Task details —
Print every entry word for word, but omit the pictures.

Provided data —
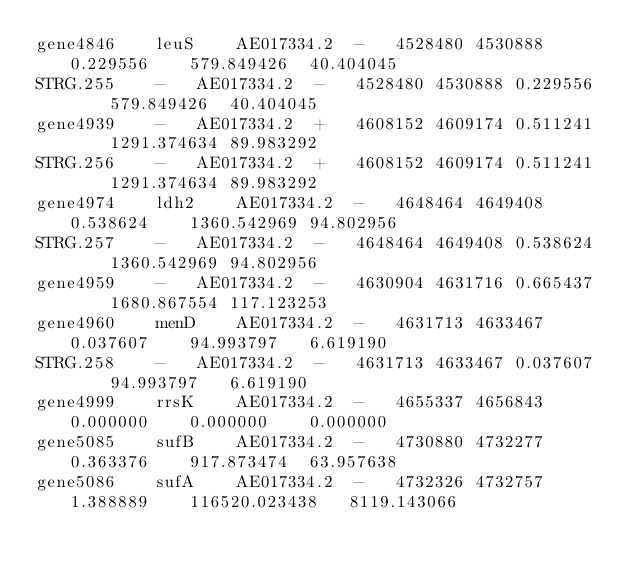<code> <loc_0><loc_0><loc_500><loc_500><_SQL_>gene4846	leuS	AE017334.2	-	4528480	4530888	0.229556	579.849426	40.404045
STRG.255	-	AE017334.2	-	4528480	4530888	0.229556	579.849426	40.404045
gene4939	-	AE017334.2	+	4608152	4609174	0.511241	1291.374634	89.983292
STRG.256	-	AE017334.2	+	4608152	4609174	0.511241	1291.374634	89.983292
gene4974	ldh2	AE017334.2	-	4648464	4649408	0.538624	1360.542969	94.802956
STRG.257	-	AE017334.2	-	4648464	4649408	0.538624	1360.542969	94.802956
gene4959	-	AE017334.2	-	4630904	4631716	0.665437	1680.867554	117.123253
gene4960	menD	AE017334.2	-	4631713	4633467	0.037607	94.993797	6.619190
STRG.258	-	AE017334.2	-	4631713	4633467	0.037607	94.993797	6.619190
gene4999	rrsK	AE017334.2	-	4655337	4656843	0.000000	0.000000	0.000000
gene5085	sufB	AE017334.2	-	4730880	4732277	0.363376	917.873474	63.957638
gene5086	sufA	AE017334.2	-	4732326	4732757	1.388889	116520.023438	8119.143066</code>

Problem solution —
<code> <loc_0><loc_0><loc_500><loc_500><_SQL_>gene4846	leuS	AE017334.2	-	4528480	4530888	0.229556	579.849426	40.404045
STRG.255	-	AE017334.2	-	4528480	4530888	0.229556	579.849426	40.404045
gene4939	-	AE017334.2	+	4608152	4609174	0.511241	1291.374634	89.983292
STRG.256	-	AE017334.2	+	4608152	4609174	0.511241	1291.374634	89.983292
gene4974	ldh2	AE017334.2	-	4648464	4649408	0.538624	1360.542969	94.802956
STRG.257	-	AE017334.2	-	4648464	4649408	0.538624	1360.542969	94.802956
gene4959	-	AE017334.2	-	4630904	4631716	0.665437	1680.867554	117.123253
gene4960	menD	AE017334.2	-	4631713	4633467	0.037607	94.993797	6.619190
STRG.258	-	AE017334.2	-	4631713	4633467	0.037607	94.993797	6.619190
gene4999	rrsK	AE017334.2	-	4655337	4656843	0.000000	0.000000	0.000000
gene5085	sufB	AE017334.2	-	4730880	4732277	0.363376	917.873474	63.957638
gene5086	sufA	AE017334.2	-	4732326	4732757	1.388889	116520.023438	8119.143066</code>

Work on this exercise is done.